WHAT IS BEING ASKED: All that should be output is the block of lines below from the line with "Numbers: x, y, z, sx, sy, sz, roll, pitch, yaw. Lengths" to the line with "This view is 99.7° wide.", both included, exactly as written.

▼

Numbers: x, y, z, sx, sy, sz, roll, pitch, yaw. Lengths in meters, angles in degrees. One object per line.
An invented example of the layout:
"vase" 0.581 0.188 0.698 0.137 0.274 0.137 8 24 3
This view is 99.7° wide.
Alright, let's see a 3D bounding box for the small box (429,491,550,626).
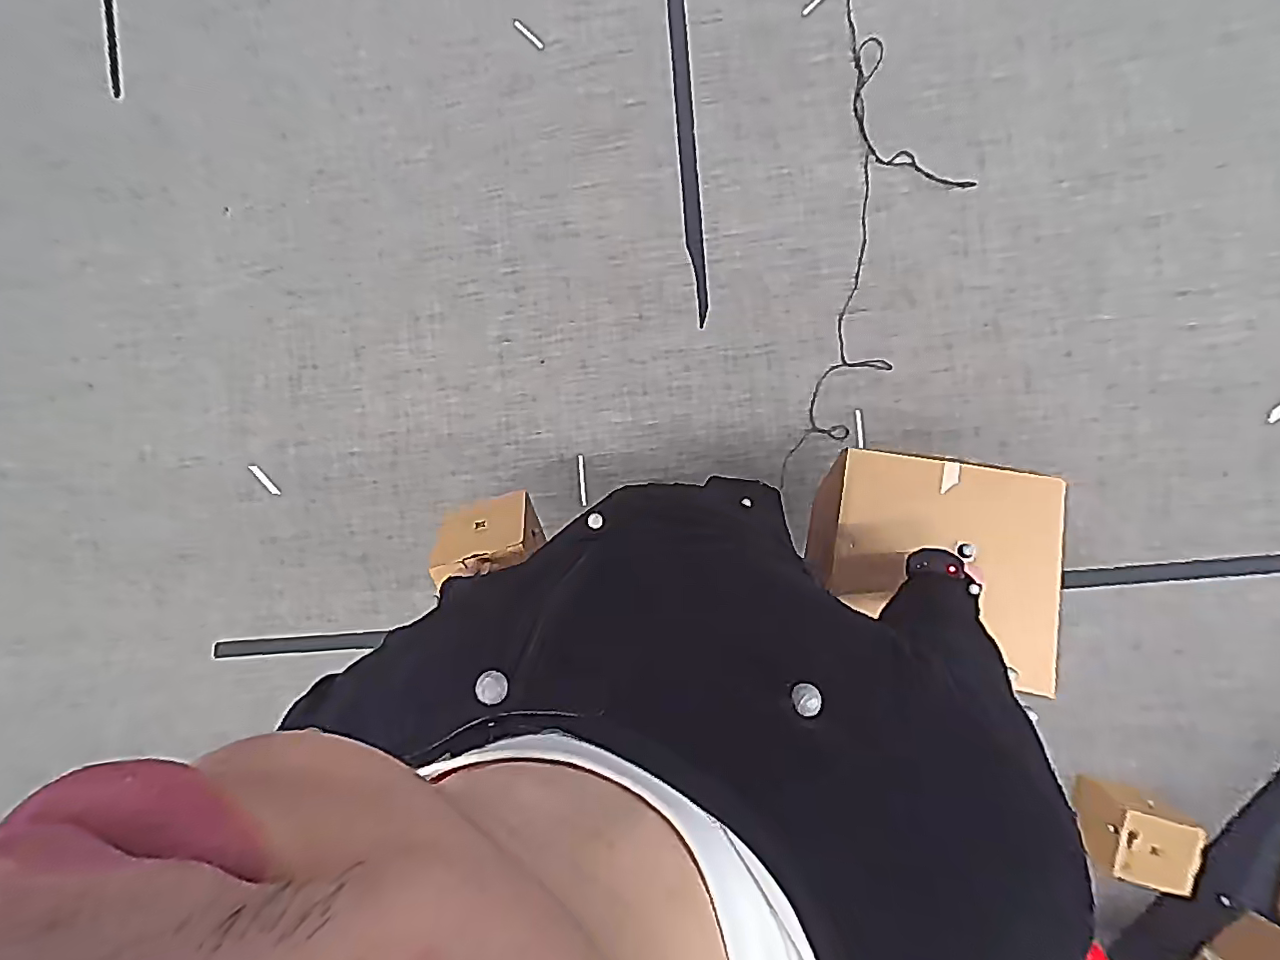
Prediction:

▲
▼

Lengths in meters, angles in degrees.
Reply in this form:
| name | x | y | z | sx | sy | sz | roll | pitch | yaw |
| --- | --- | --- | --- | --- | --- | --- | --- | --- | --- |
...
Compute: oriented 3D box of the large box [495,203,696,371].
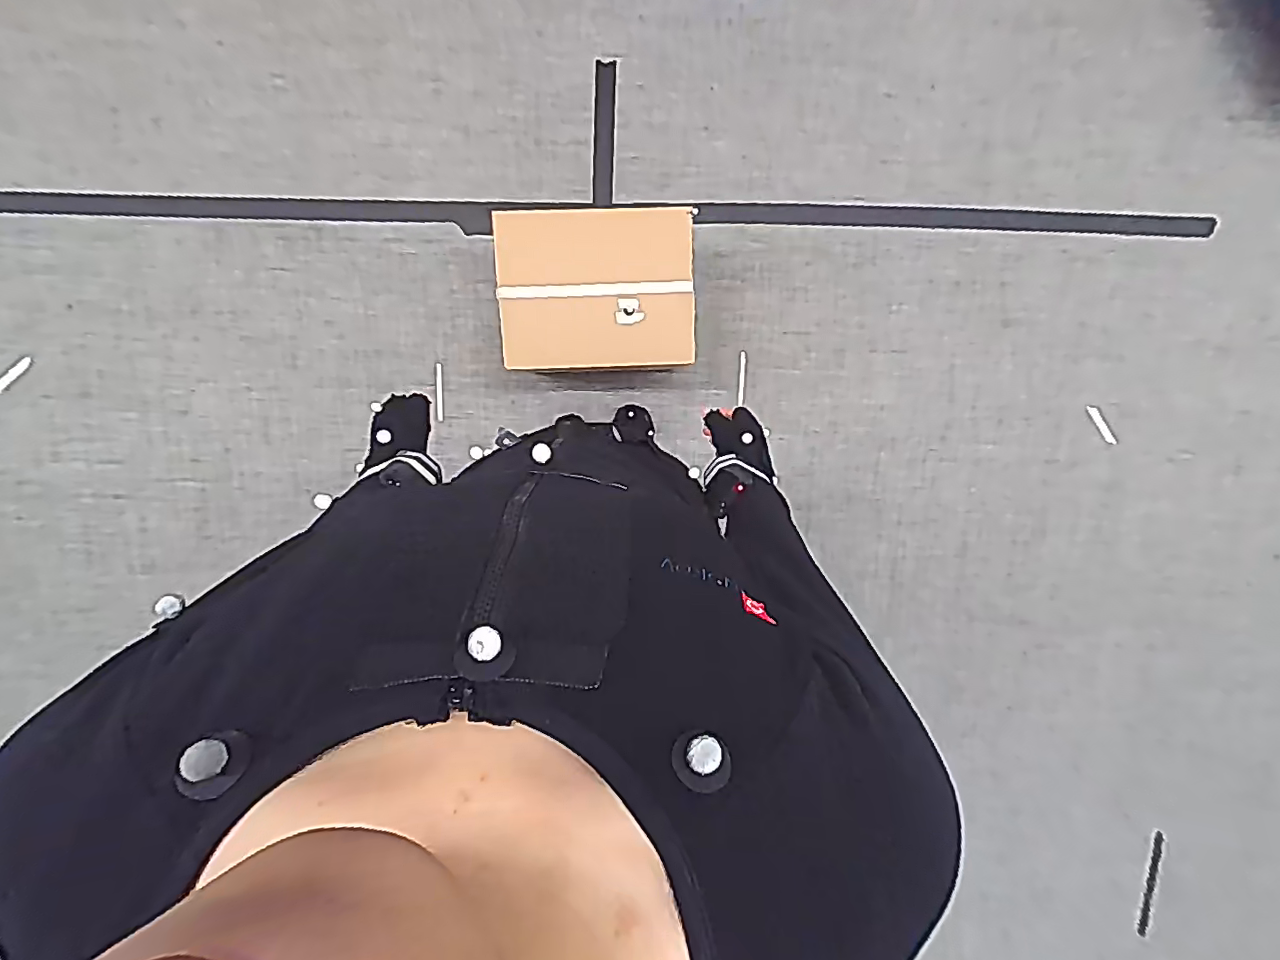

▲
▼

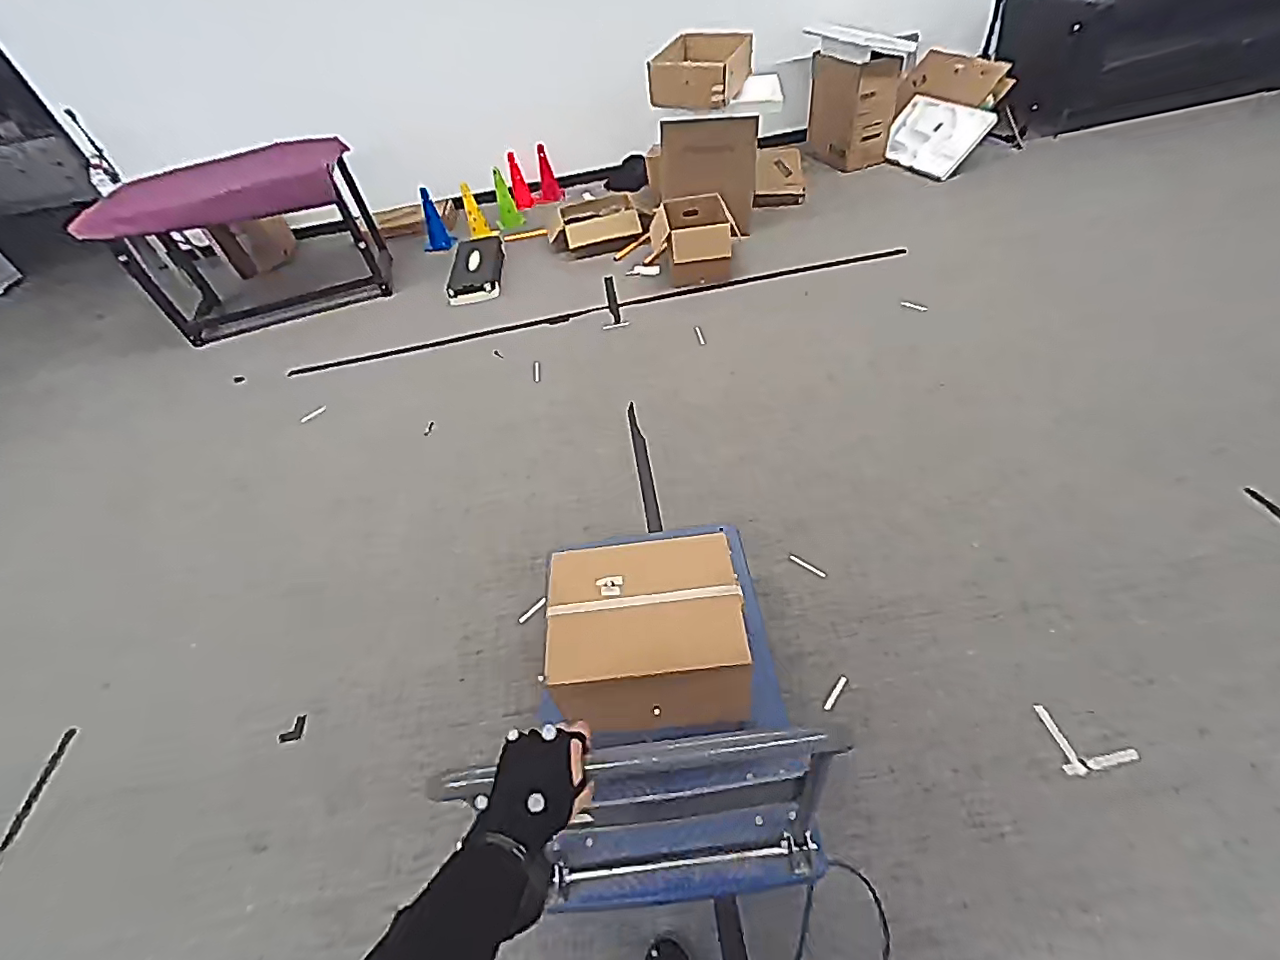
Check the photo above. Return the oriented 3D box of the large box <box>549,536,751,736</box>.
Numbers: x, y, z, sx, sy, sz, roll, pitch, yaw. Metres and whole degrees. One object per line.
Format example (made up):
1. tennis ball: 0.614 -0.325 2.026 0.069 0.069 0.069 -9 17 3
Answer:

▲

SOLUTION FOR THIS EXERCISE:
Numbers: x, y, z, sx, sy, sz, roll, pitch, yaw. Lengths in meters, angles in degrees. One object per line.
An invented example of the layout:
"vase" 0.581 0.188 0.698 0.137 0.274 0.137 8 24 3
This view is 99.7° wide.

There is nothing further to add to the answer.